Helping parents prepare their children does even more in the larger economic context. Many people worry that economic growth cannot be sustained and shared, but I believe providing high quality education to all our children, and nurturing especially the youngest, is the key to expanding opportunities, promoting economic mobility, and creating enduring prosperity.

When governments invest in high-quality early childhood education, they are investing in economic development - providing the future workforce of their economy with an extraordinarily high public return. Not only does society at large benefit from these returns through higher productivity and lower education and social service costs, they build stronger family resiliency.

Why this is important? Few of Indian Country’s financial and institutional challenges today are new. There is nothing new about persistent poverty or woefully inadequate funding to support essential services such as housing, education, healthcare, and public safety.

What is new is our ability to see and understand how the problems and solutions connect. We have become more sophisticated in the use of data and more willing to tackle problems systematically and holistically. I want to use this deeper understanding to showcase new ideas and tackle old problems.

You have been invited to participate in this inaugural conference of the Center for Indian Country Development because each of you is a Solution Finder.

A Solution Finder believes that the most powerful ideas often come from the most unexpected places - the hidden genius of your colleagues and the collective brilliance that results from collaboration.

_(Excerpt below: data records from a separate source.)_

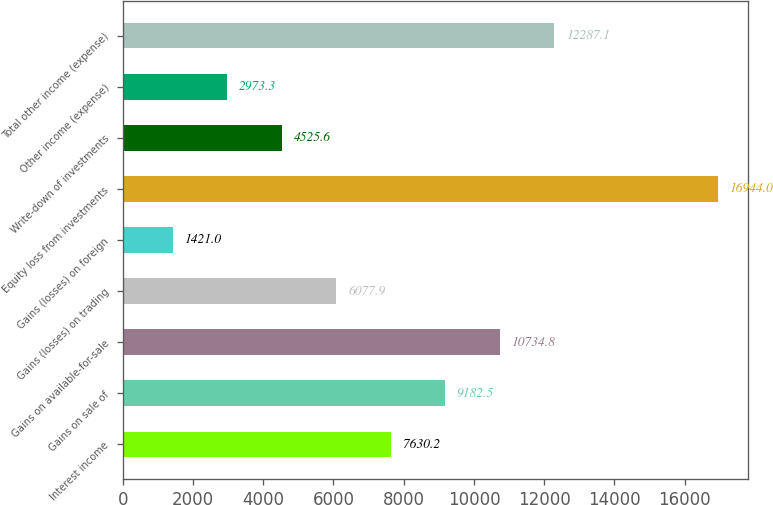Convert chart to OTSL. <chart><loc_0><loc_0><loc_500><loc_500><bar_chart><fcel>Interest income<fcel>Gains on sale of<fcel>Gains on available-for-sale<fcel>Gains (losses) on trading<fcel>Gains (losses) on foreign<fcel>Equity loss from investments<fcel>Write-down of investments<fcel>Other income (expense)<fcel>Total other income (expense)<nl><fcel>7630.2<fcel>9182.5<fcel>10734.8<fcel>6077.9<fcel>1421<fcel>16944<fcel>4525.6<fcel>2973.3<fcel>12287.1<nl></chart> 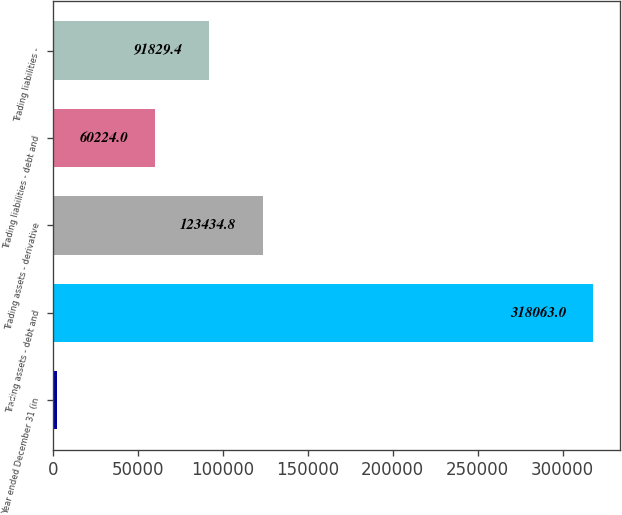Convert chart. <chart><loc_0><loc_0><loc_500><loc_500><bar_chart><fcel>Year ended December 31 (in<fcel>Trading assets - debt and<fcel>Trading assets - derivative<fcel>Trading liabilities - debt and<fcel>Trading liabilities -<nl><fcel>2009<fcel>318063<fcel>123435<fcel>60224<fcel>91829.4<nl></chart> 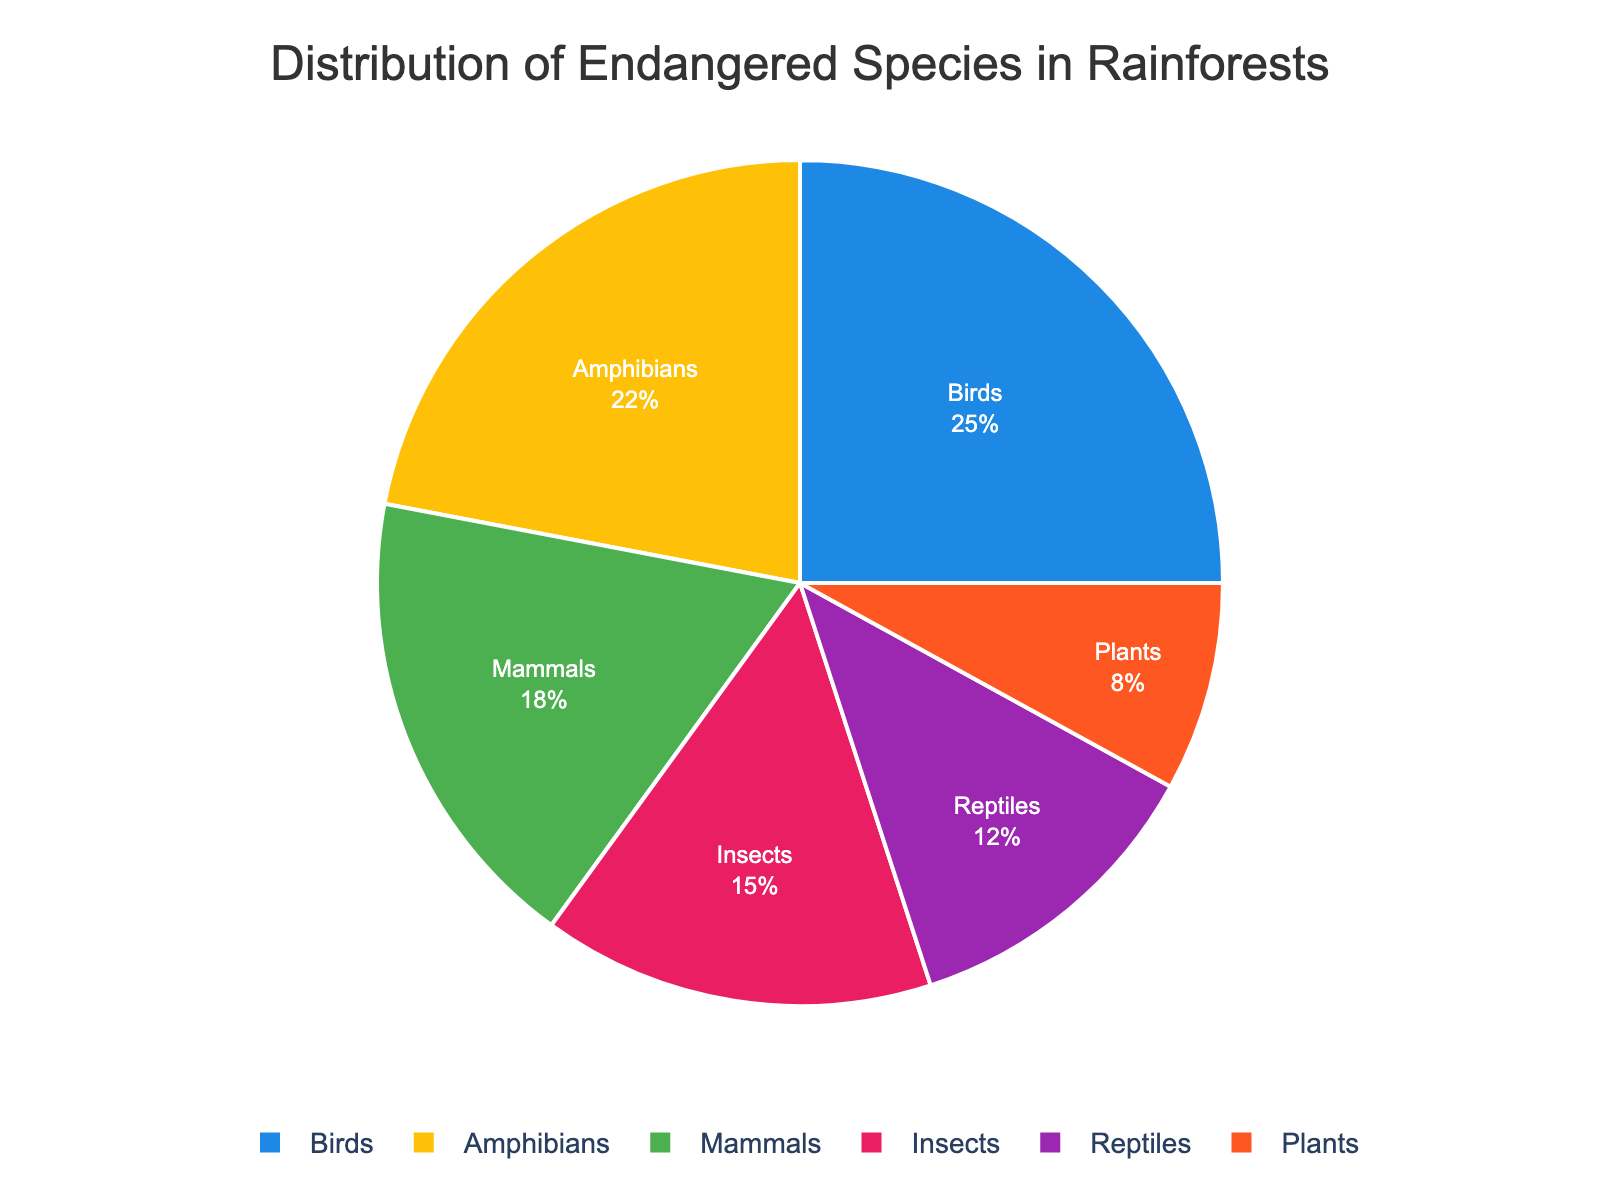What taxonomic group has the highest percentage of endangered species? By looking at the pie chart, we can see that the segment representing birds is the largest, with a percentage of 25%.
Answer: Birds Which two taxonomic groups have the closest percentage of endangered species? The pie chart shows that amphibia have 22% and insects have 15%, which are the closest values in comparison to other pairs.
Answer: Amphibians and Insects What percentage of the total endangered species do reptiles and plants together comprise? To find this, add the percentage of reptiles (12%) and plants (8%): 12 + 8 = 20%.
Answer: 20% What is the difference in percentage between mammals and reptiles? To find the difference, subtract the percentage of reptiles (12%) from the percentage of mammals (18%): 18 - 12 = 6%.
Answer: 6% If we group the species into vertebrates (mammals, birds, amphibians, and reptiles) and invertebrates (insects), and plants, which group has a greater percentage? Add the percentages of vertebrates (18% + 25% + 22% + 12% = 77%) and compare it to the sum of invertebrates and plants (15% + 8% = 23%). Vertebrates have a greater percentage: 77% vs. 23%.
Answer: Vertebrates What taxonomic group is represented by the segment with the color pink? By examining the pie chart, we notice that the pink color segment is labeled as reptiles, representing 12%.
Answer: Reptiles Are the total percentages of amphibians and plants more or less than the percentage of birds? The total percentage of amphibians and plants is 22% (amphibians) + 8% (plants) = 30%, which is greater than 25% (birds).
Answer: More Which taxonomic group represents the smallest percentage of endangered species? By looking at the pie chart, we can see that the plants segment is the smallest, with a percentage of 8%.
Answer: Plants

For quite some time, the Federal Reserve Bank has seen the incredible power of convenings to create shared dialogue, spur debates about pathways to impact, and catalyze groundbreaking ideas. Learning from this practice, I seized the opportunity to harness the collective intelligence of thought leaders and change agents such as each of you, to invite you into the quest for improving education in Indian country.

We also will enter the conversation asking different questions. Not only will ask about the well-being of the children, we will ask questions about culture, self-determination, and science to create promising prospects for our children’s futures.

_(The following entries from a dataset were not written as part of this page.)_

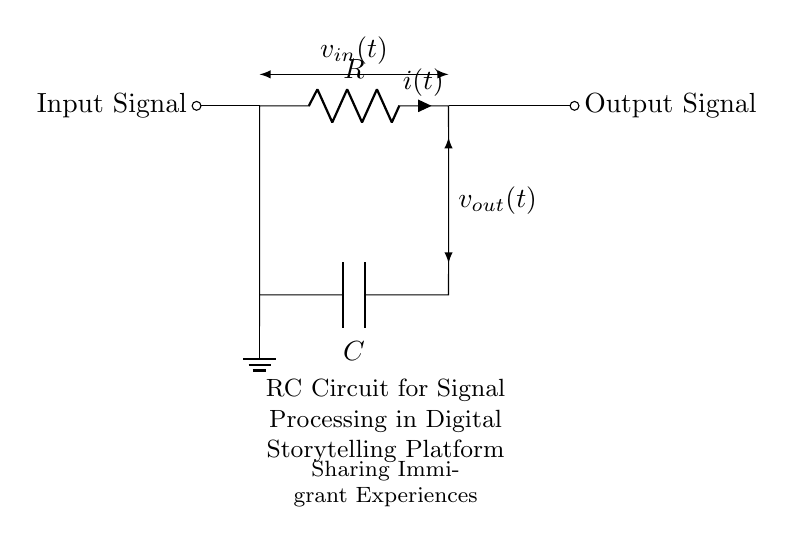What type of circuit is represented here? The circuit is an RC circuit, which consists of a resistor and a capacitor connected in series.
Answer: RC circuit What is the label of the capacitor in this circuit? The capacitor in the circuit is labeled C.
Answer: C What does the variable i(t) represent in this circuit? The variable i(t) represents the instantaneous current flowing through the resistor at any given time.
Answer: Instantaneous current What is the relationship between the input and output voltages in this RC circuit? The output voltage is derived from the input voltage, and given that the circuit filters the input signal, the output voltage will have a time-dependent response based on the RC time constant.
Answer: Time-dependent response What is the purpose of the RC circuit in the context of digital storytelling? The RC circuit is used for signal processing, which helps in shaping and filtering the input signals to enhance audio or visual quality in digital storytelling.
Answer: Signal processing What happens to the output voltage when the input voltage is increased? When the input voltage is increased, the output voltage will also increase, but it will follow the RC time constant which governs how quickly the voltage changes.
Answer: It increases following the RC time constant What is the function of the resistor in this RC circuit? The resistor limits the current flow and helps to determine the time constant along with the capacitor, which affects the charging and discharging behaviors in the circuit.
Answer: Limits current flow

As counselled by Black Elk, the Oglala Lakota Medicine Man, “Grown men may learn from very little children, for the hearts of little children are pure, and, therefore, the Great Spirit may show to them many things which older people miss.”

This work cannot be done in isolation and it may take a few years to accomplish. Thus, we need a powerful effort, together and in each of our communities, to turn things around for our children.

So on behalf of the planning team, thank you for making the commitment to being here today and to supporting this incredibly important work.

It is now my sincere privilege to introduce the President of the Federal Reserve Bank of Minneapolis, Neel Kashari.